International Investment Group from Kuwait is going to launch an Islamic bank with $400 million in start-up capital soon. Banque Audi is also believed to have initiated plans to open branches in Jordan and Sudan. Fransabank which recently announced that it was planning to move into Algeria, is also believed to be preparing to launch an Islamic window too. 

Nabil Othman, the head of private banking at Arab Finance House in Beirut said that "the vehicle of financing maintained by Islamic banks is more flexible than the conventional banks in Lebanon. There is a growing appetite for Islamic banking in Lebanon, especially in the northern and southern parts of the country, where the majority of the population is Muslim. I understand that there is a chain of other licences to be given. There is a demand for Islamic products that probably has not been tapped that will continue to expand."

Analysts believe that if some conventional banks were allowed to convert their existing licences into Islamic banks and provide purely Islamic products and the location was right, that converting would make sense, given the potential growth in that particular market. It may give them that competitive edge, compared to the conventional banking market which is dominated by the Audis, the Bloms and the Byblos.

Young said that "We are expecting the conditions to come through with higher bad debts impacting on profitability this year. Depending on how the political environment evolves and its impact on the economy in general and whether that flows on into the following year, remains to be seen. Before the crisis the main banks in the market had a lot of capital injected into their balance sheets, new capital, while that was primarily earmarked for international expansion, it does put them in a position to absorb anything that comes along from the political crisis.

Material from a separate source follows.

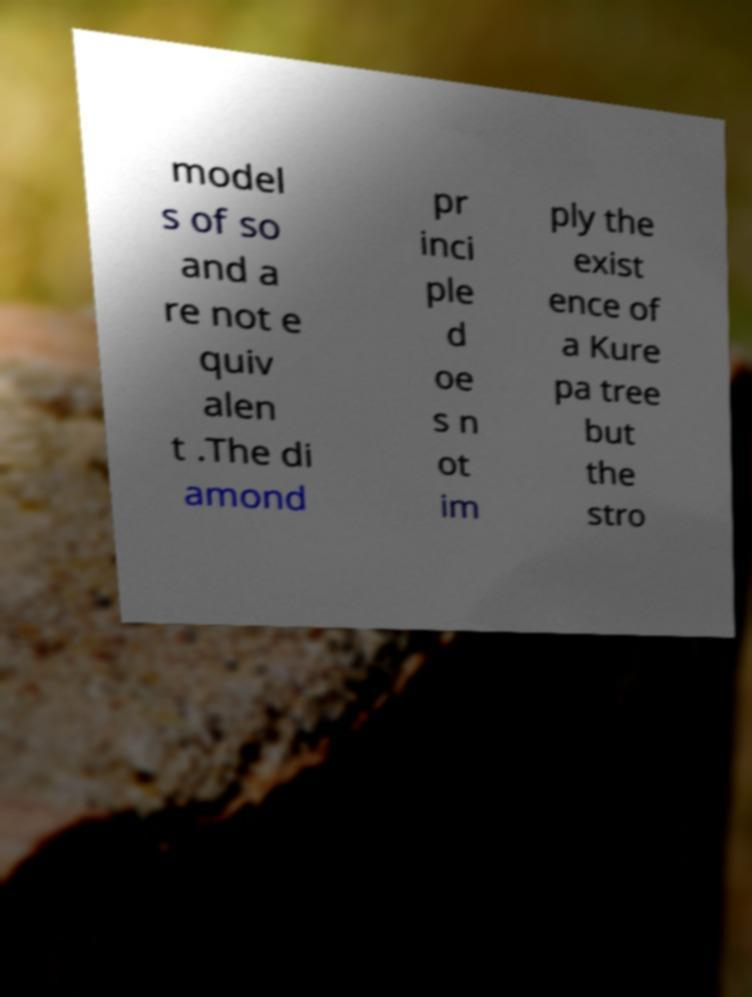Please identify and transcribe the text found in this image. model s of so and a re not e quiv alen t .The di amond pr inci ple d oe s n ot im ply the exist ence of a Kure pa tree but the stro

Their loan portfolios are relatively small in comparison to the overall balance sheet and interest rates have helped in terms that they are now earning higher yields from the government bonds from a couple of years ago when the dollar book was earning very low interest rates and they were effectively making a loss on that. That situation has changed slightly and it is helping them somewhat."             

The country could be a test-case that many in the banking community will be watching extremely closely as the country's convulsions continue, both politically and economically well into 2008. Lebanon's turbulent evolution is going to continue for quite some time yet.